H2O’s AutoML can be used for automating the machine learning workflow, which includes automatic training and tuning of many models within a user-specified time-limit. Stacked Ensembles – one based on all previously trained models, another one on the best model of each family – will be automatically trained on collections of individual models to produce highly predictive ensemble models which, in most cases, will be the top performing models in the AutoML Leaderboard.

AutoML Interface

The H2O AutoML interface is designed to have as few parameters as possible so that all the user needs to do is point to their dataset, identify the response column and optionally specify a time constraint or limit on the number of total models trained.

In both the R and Python API, AutoML uses the same data-related arguments, x, y, training_frame, validation_frame, as the other H2O algorithms. Most of the time, all you’ll need to do is specify the data arguments. You can then configure values for max_runtime_secs and/or max_models to set explicit time or number-of-model limits on your run.

Required Parameters

Required Data Parameters

  • y: This argument is the name (or index) of the response column.
  • training_frame: Specifies the training set.

Required Stopping Parameters

One of the following stopping strategies (time or number-of-model based) must be specified. When both options are set, then the AutoML run will stop as soon as it hits one of either of these limits.

  • max_runtime_secs: This argument controls how long the AutoML will run at the most, before training the final Stacked Ensemble models. Defaults to 3600 seconds (1 hour).
  • max_models: Specify the maximum number of models to build in an AutoML run, excluding the Stacked Ensemble models. Defaults to NULL/None.

Optional Parameters

Optional Data Parameters

  • x: A list/vector of predictor column names or indexes. This argument only needs to be specified if the user wants to exclude columns from the set of predictors. If all columns (other than the response) should be used in prediction, then this does not need to be set.
  • validation_frame: This argument is ignored unless nfolds == 0, in which a validation frame can be specified and used for early stopping of individual models and early stopping of the grid searches (unless max_models or max_runtime_secs overrides metric-based early stopping). By default and when nfolds > 1, cross-validation metrics will be used for early stopping and thus validation_frame will be ignored.
  • leaderboard_frame: This argument allows the user to specify a particular data frame to use to score and rank models on the leaderboard. This frame will not be used for anything besides leaderboard scoring. If a leaderboard frame is not specified by the user, then the leaderboard will use cross-validation metrics instead, or if cross-validation is turned off by setting nfolds = 0, then a leaderboard frame will be generated automatically from the training frame.
  • blending_frame: Specifies a frame to be used for computing the predictions that serve as the training frame for the Stacked Ensemble models metalearner. If provided, all Stacked Ensembles produced by AutoML will be trained using Blending (a.k.a. Holdout Stacking) instead of the default Stacking method based on cross-validation.
  • fold_column: Specifies a column with cross-validation fold index assignment per observation. This is used to override the default, randomized, 5-fold cross-validation scheme for individual models in the AutoML run.
  • weights_column: Specifies a column with observation weights. Giving some observation a weight of zero is equivalent to excluding it from the dataset; giving an observation a relative weight of 2 is equivalent to repeating that row twice. Negative weights are not allowed.
  • ignored_columns: (Optional, Python only) Specify the column or columns (as a list/vector) to be excluded from the model. This is the converse of the x argument.

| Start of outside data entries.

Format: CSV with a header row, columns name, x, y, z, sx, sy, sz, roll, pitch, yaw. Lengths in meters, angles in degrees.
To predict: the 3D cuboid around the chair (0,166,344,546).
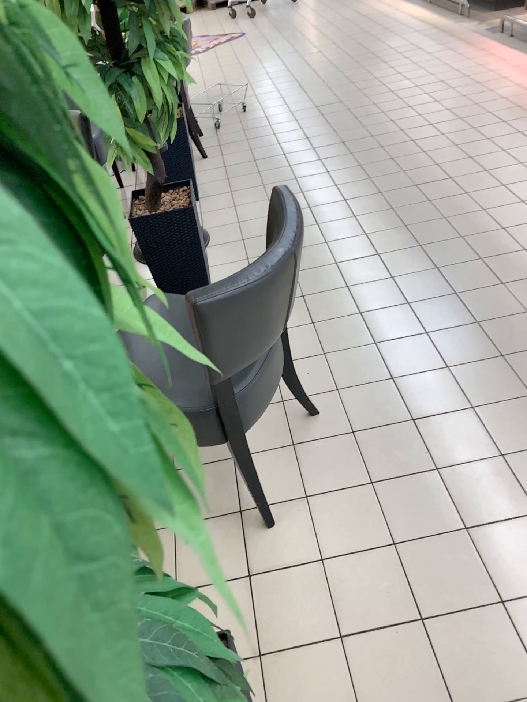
name,x,y,z,sx,sy,sz,roll,pitch,yaw
chair,-0.184,-0.004,1.479,0.641,0.796,0.552,9,44,22
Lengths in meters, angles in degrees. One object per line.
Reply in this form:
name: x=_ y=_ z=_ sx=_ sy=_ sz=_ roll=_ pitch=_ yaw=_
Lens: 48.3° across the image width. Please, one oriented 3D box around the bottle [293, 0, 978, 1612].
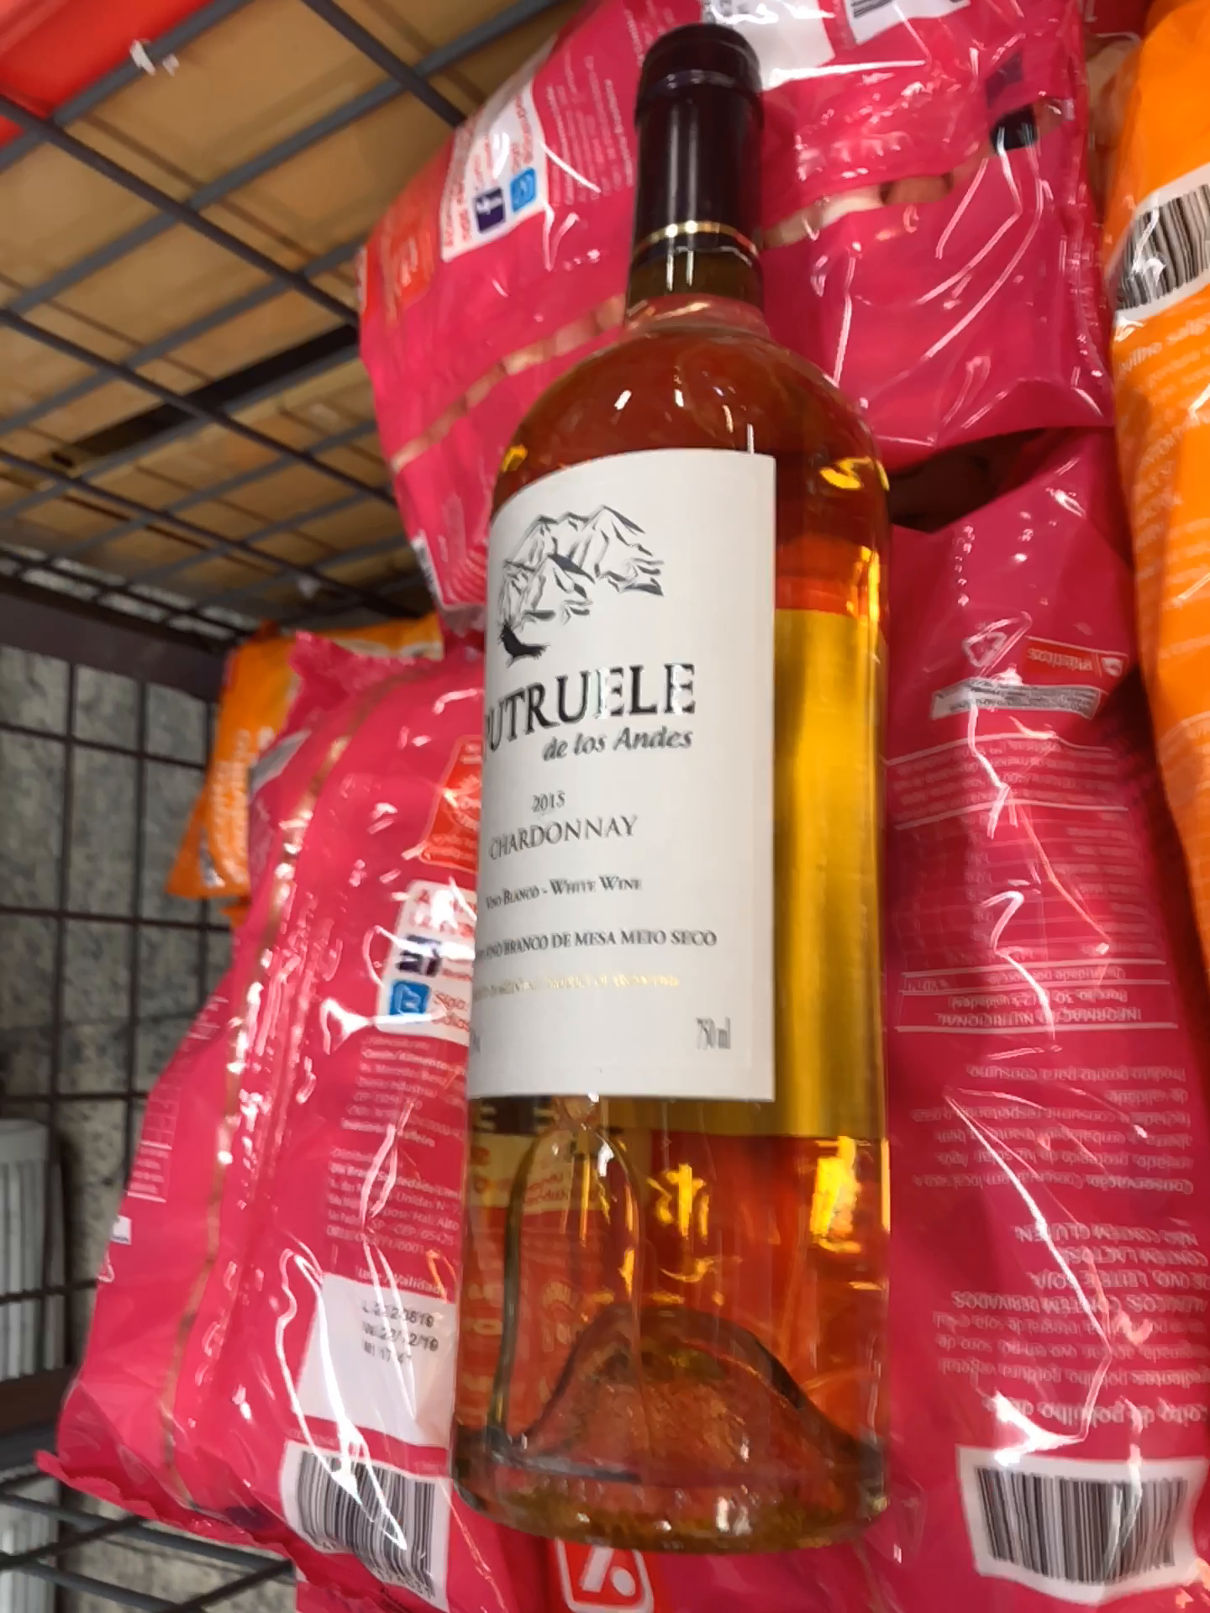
bottle: x=0.013 y=-0.030 z=0.251 sx=0.080 sy=0.070 sz=0.300 roll=-9 pitch=69 yaw=33
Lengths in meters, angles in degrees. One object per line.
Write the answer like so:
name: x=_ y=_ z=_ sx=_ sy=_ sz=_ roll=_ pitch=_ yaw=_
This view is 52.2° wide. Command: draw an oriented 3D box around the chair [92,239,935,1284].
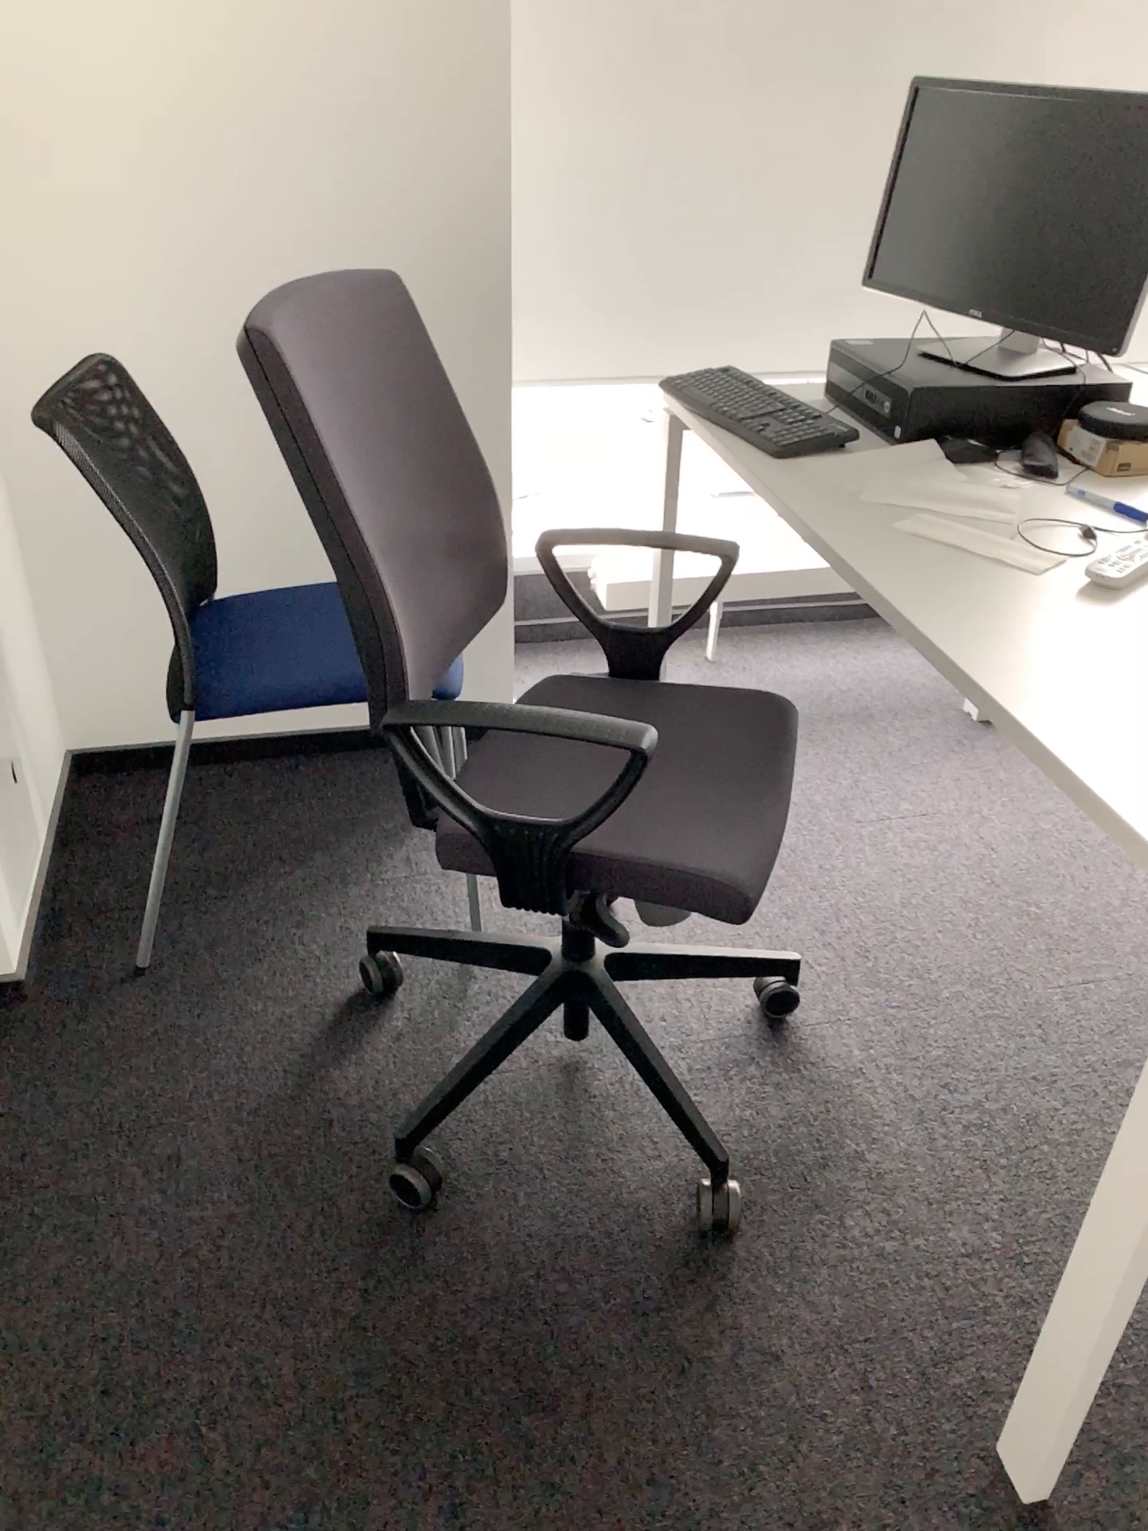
chair: x=-0.007 y=-0.045 z=1.463 sx=0.680 sy=1.004 sz=0.694 roll=8 pitch=32 yaw=10

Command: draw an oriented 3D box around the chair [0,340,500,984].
chair: x=-0.461 y=-0.202 z=1.916 sx=0.610 sy=0.805 sz=0.674 roll=-3 pitch=32 yaw=-9
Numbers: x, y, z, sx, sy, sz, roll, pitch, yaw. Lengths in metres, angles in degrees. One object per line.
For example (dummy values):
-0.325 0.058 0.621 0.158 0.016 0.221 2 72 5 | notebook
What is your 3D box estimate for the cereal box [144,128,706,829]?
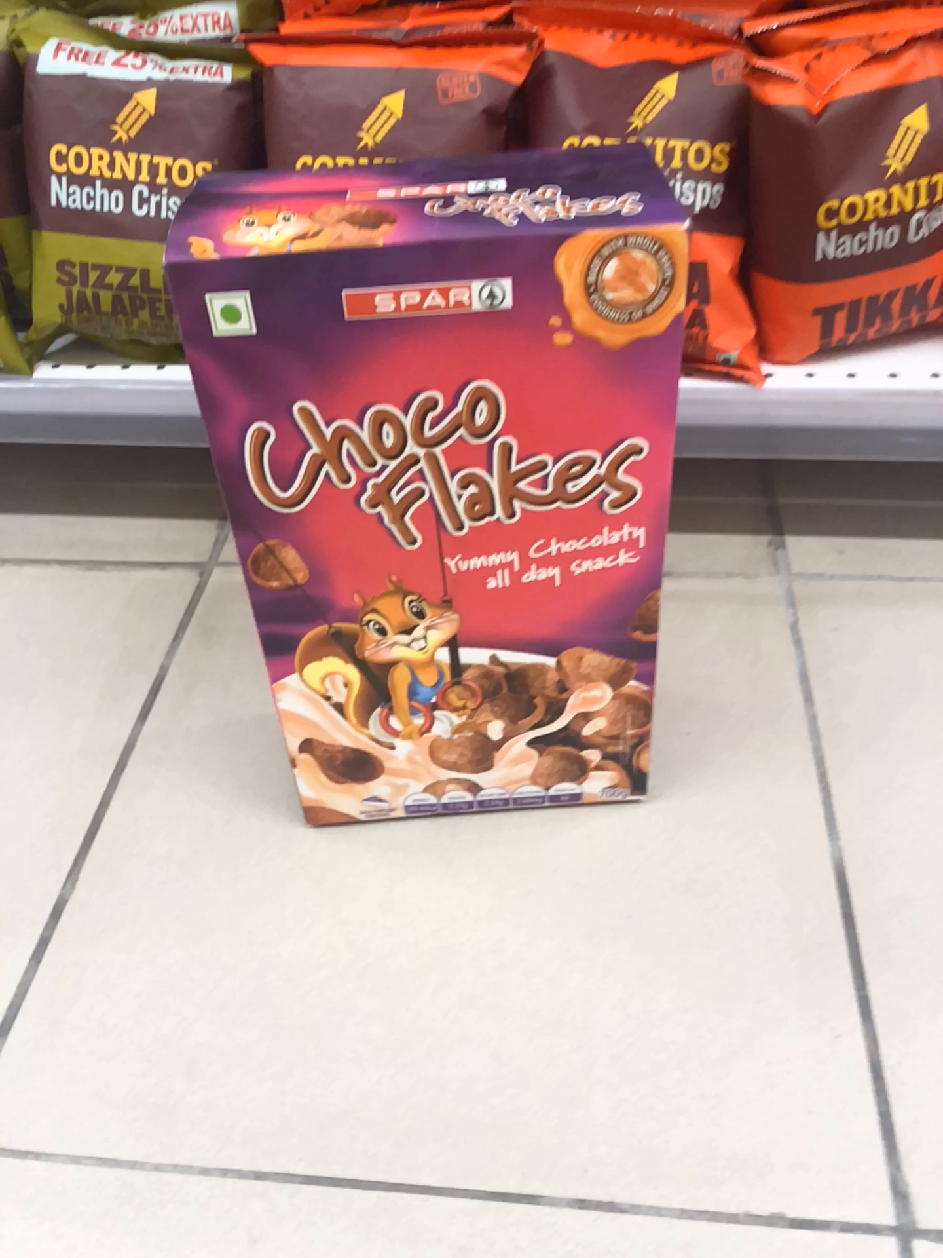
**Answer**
-0.010 -0.047 0.522 0.200 0.339 0.090 -4 43 0 | cereal box

Optional Miscellaneous Parameters

  • nfolds: Number of folds for k-fold cross-validation of the models in the AutoML run. Defaults to 5. Use 0 to disable cross-validation; this will also disable Stacked Ensembles (thus decreasing the overall best model performance).

  • balance_classes: Specify whether to oversample the minority classes to balance the class distribution. This option is not enabled by default and can increase the data frame size. This option is only applicable for classification. Majority classes can be undersampled to satisfy the max_after_balance_size parameter.

  • class_sampling_factors: Specify the per-class (in lexicographical order) over/under-sampling ratios. By default, these ratios are automatically computed during training to obtain the class balance. Note that this requires balance_classes=true.

  • max_after_balance_size: Specify the maximum relative size of the training data after balancing class counts (balance_classes must be enabled). Defaults to 5.0. (The value can be less than 1.0).

  • max_runtime_secs_per_model: Specify the max amount of time dedicated to the training of each individual model in the AutoML run. Defaults to 0 (disabled). Note that setting this parameter can affect AutoML reproducibility.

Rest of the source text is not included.